Environments for audits
The problem I faced was 2 fold.
I wanted to update an audit and test it. The audit was user defined and involved joins to other models within the project, some of which had also been modified.
- The model reference was only replaced for the physical table that referenced the audit when using my environment. Other models were not substituted and therefor used the promoted views and the audit failed to run because of it.
- I couldn't run audits from the CLI for a particular environment as it isn't an argument or option.
The model reference was only replaced for the physical table that referenced the audit when using my environment. Other models were not substituted and therefor used the promoted views and the audit failed to run because of it.
One way to achieve this is to explicitly enumerate dependencies of your model in the depends_on attribute of the model definition.
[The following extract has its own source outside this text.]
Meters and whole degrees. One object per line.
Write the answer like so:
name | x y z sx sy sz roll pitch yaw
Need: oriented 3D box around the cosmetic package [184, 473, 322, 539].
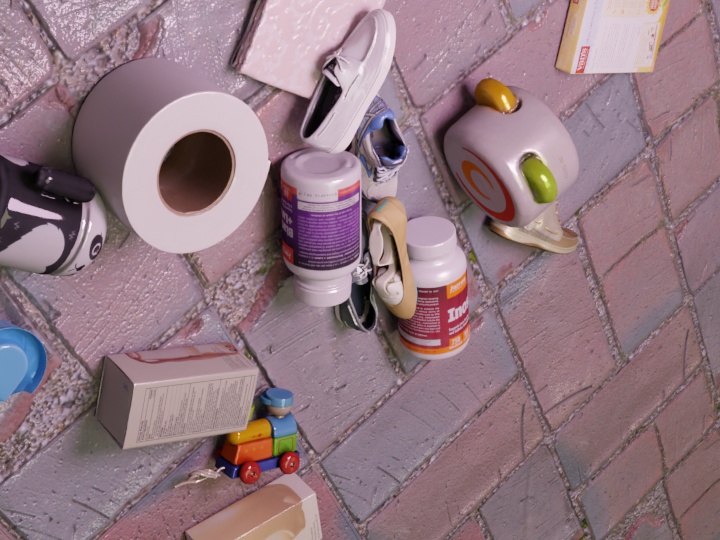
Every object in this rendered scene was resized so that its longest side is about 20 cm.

This way all references will be resolved correctly
Ahh what it looks like I can do is set it to be a standalone audit and then I can set depends_on within the audit.
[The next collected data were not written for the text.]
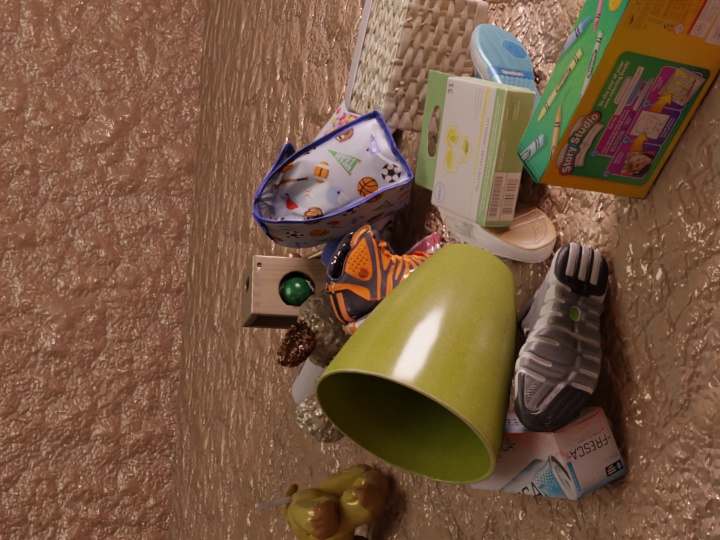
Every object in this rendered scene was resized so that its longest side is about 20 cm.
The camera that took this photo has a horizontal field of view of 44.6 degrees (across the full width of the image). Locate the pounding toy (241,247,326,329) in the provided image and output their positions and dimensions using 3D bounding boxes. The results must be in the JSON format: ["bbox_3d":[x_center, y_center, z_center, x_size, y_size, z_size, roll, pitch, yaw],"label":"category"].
[{"bbox_3d":[-0.104,0.019,1.528,0.200,0.183,0.143,138,133,-72],"label":"pounding toy"}]

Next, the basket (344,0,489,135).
[{"bbox_3d":[0.076,-0.287,1.179,0.123,0.135,0.201,-130,50,-56],"label":"basket"}]

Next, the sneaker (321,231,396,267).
[{"bbox_3d":[0.000,0.000,1.173,0.199,0.115,0.081,34,110,42],"label":"sneaker"}]

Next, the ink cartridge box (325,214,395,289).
[{"bbox_3d":[0.007,-0.059,1.319,0.116,0.067,0.201,-39,-38,-71],"label":"ink cartridge box"}]

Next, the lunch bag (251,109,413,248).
[{"bbox_3d":[-0.043,-0.105,1.148,0.124,0.199,0.170,62,179,9],"label":"lunch bag"}]

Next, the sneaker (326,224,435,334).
[{"bbox_3d":[0.047,-0.011,1.068,0.077,0.199,0.113,-7,107,61],"label":"sneaker"}]

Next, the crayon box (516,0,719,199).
[{"bbox_3d":[0.232,-0.163,0.759,0.058,0.118,0.201,-110,33,-48],"label":"crayon box"}]

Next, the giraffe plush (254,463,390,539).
[{"bbox_3d":[-0.037,0.396,1.281,0.173,0.199,0.163,-34,-74,-79],"label":"giraffe plush"}]

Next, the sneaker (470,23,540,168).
[{"bbox_3d":[0.149,-0.185,1.034,0.131,0.079,0.201,123,147,-47],"label":"sneaker"}]

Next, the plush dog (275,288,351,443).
[{"bbox_3d":[-0.022,0.108,1.196,0.160,0.172,0.200,-33,9,34],"label":"plush dog"}]

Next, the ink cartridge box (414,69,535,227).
[{"bbox_3d":[0.107,-0.144,0.988,0.200,0.048,0.146,31,119,54],"label":"ink cartridge box"}]

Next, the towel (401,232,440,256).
[{"bbox_3d":[0.084,0.065,1.213,0.146,0.030,0.201,137,132,-60],"label":"towel"}]

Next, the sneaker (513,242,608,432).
[{"bbox_3d":[0.185,0.080,0.857,0.116,0.075,0.201,113,-178,-61],"label":"sneaker"}]

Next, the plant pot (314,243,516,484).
[{"bbox_3d":[0.082,0.078,0.884,0.201,0.187,0.187,-60,8,-31],"label":"plant pot"}]

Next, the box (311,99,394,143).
[{"bbox_3d":[-0.021,-0.207,1.423,0.200,0.041,0.156,-50,30,11],"label":"box"}]

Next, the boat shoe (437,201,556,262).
[{"bbox_3d":[0.157,-0.040,1.005,0.200,0.070,0.070,-140,35,-59],"label":"boat shoe"}]

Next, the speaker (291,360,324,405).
[{"bbox_3d":[-0.050,0.153,1.462,0.200,0.081,0.082,116,151,-43],"label":"speaker"}]

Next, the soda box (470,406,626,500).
[{"bbox_3d":[0.170,0.181,0.879,0.069,0.063,0.200,69,157,2],"label":"soda box"}]

It looks like this functionality is currently undocumented.
This will be an acceptable workaround for my audit as it will be non-blocking in any case. But I assume that if I ever wanted this to be blocking then it would be problematic again.
it would be problematic again.
Why though? Didn't setting the depends_on on the model for which the audit runs help?
The audit is applied to a more raw (bronze) source of data (not quite an external model) but within the audit I put some joins to refined (silver/gold) data sources that are populated later in the DAG. Those joins are not necessary for modelling the raw data but are relevant for excluding some records from the audit.
My current workaround is to create a view to apply the logic that the audit is then reference in. But the view is then another asset that needs maintaining. I can give more context in Slack but I think this is as distilled as I can get here.